Android the target of nearly all new malware during the quarter, says McAfee

In the sordid history of malware, both mobile and general, 2011 is on track to be the worst hit, according to a new report from security solutions provider McAfee, which found Google's OS to be at the center of the problem. "Nearly all new mobile malware in Q3," states the report, "was targeted at Android."

Android malware during the third quarter was nearly five times that of the same quarter a year ago.

According to McAfee, just less than 5 million new malware threats were detected during Q3 — down from Q2's approximate 6 million but contributing to smoothly rising annual numbers. The last days of 2011 are expected to see McAfee's total malwares samples database reach 75 million.

Android/Wapaxy, Android/LoveTrp and Android/HippoSMS are all premium-rate SMS Trograns that have succeeding in getting user to subscribe to services, and then delete all subscription confirmation messages so the phone user is unaware of any activity — and of losing money.

Malware has also traveled on modified apps, which collect sensitive information, and even by recording users' calls.

The report continues:

Two examples are Android/NickiSpy.A and Android/GoldenEagle.A, both of which record user conversations and forward them to the attacker. Attackers can’t be sure that the first one or two calls have the information they seek, so these malware remain on the devices for extended periods without being detected; that’s a very persistent threat indeed!

Another technique for stealing information is to use root exploits to gain access to system databases. This allows attackers to break free of the application sandbox that Android would normally make them sit in, and allows attackers access to all of the phone’s data and operations. The Android/DroidDeluxe and Android.ApkMon families try to gain root access (via different exploits) to read system files (such as SMS database, emails, and contacts). We expect this trend to continue, as it has proved useful for years on other platforms.

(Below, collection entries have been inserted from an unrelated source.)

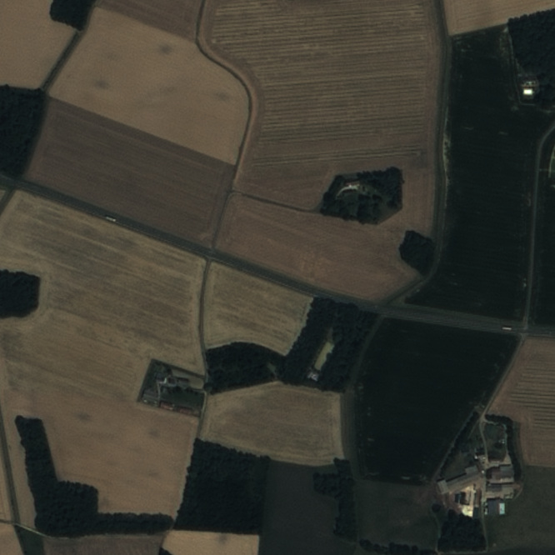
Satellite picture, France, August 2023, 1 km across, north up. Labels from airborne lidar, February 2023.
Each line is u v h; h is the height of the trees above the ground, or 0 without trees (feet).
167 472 0
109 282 0
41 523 37
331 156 0
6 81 0
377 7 0
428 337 0
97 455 0
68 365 0
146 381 0
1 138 54
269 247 0
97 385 0
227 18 0
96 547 0
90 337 0
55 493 42
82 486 20
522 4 0
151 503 0
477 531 31
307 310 0
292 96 0
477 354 0
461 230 0
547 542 0
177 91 0
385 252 0
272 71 0
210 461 36
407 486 0
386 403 0
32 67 0
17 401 0
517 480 28
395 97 0
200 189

The report also reveals that Apple's Mac OS, which has managed to sidestep a good amount of the malware drama suffered by Microsoft users, is no longer beyond malware writers' sights.

"Mac malware also continues to grow, following a sharp increase in Q2," McAfee said in a statement. While Q3 growth wasn't significant, the same halo effect that has drawn iPhone users to Macs and iPad has likewise attracted malicious attention.


"As certain platforms grow in popularity for both consumer and business use, such as the Mac operating system, malware authors will increasingly use these platforms to target victims," said McAfee.

Overall, McAfee found social engineering to be a lure used for attacks, and for attackers to have "remarkable insight" into what works in different cultures and regions, even down to the seasonal level.

In the United Sates, "Delivery Service Notifications" are the most popular. In Russia, drug spam is the most popular and in the United Kingdom 419 scams "reign supreme."

In areas of cybercrime, cyberwarfare and hacktivism, "Law enforcement made strides with several arrests. Prices continue to be very fluid on the cybercrime underground. Multiple high-profile attacks as well as shifting tactics from hacktivist groups such as Anonymous have provided more than enough excitement," states the report. "One thing is certain: 2011 continues to be a year of change, challenge, and chaos in information security."

In an emphasis of the breadth of the issue, the report debuts on the same day that the BBC reports that hackers in Russia were able to damage a water utility in Illinois by accessing its network and quickly turning on and off a pump, causing it to break.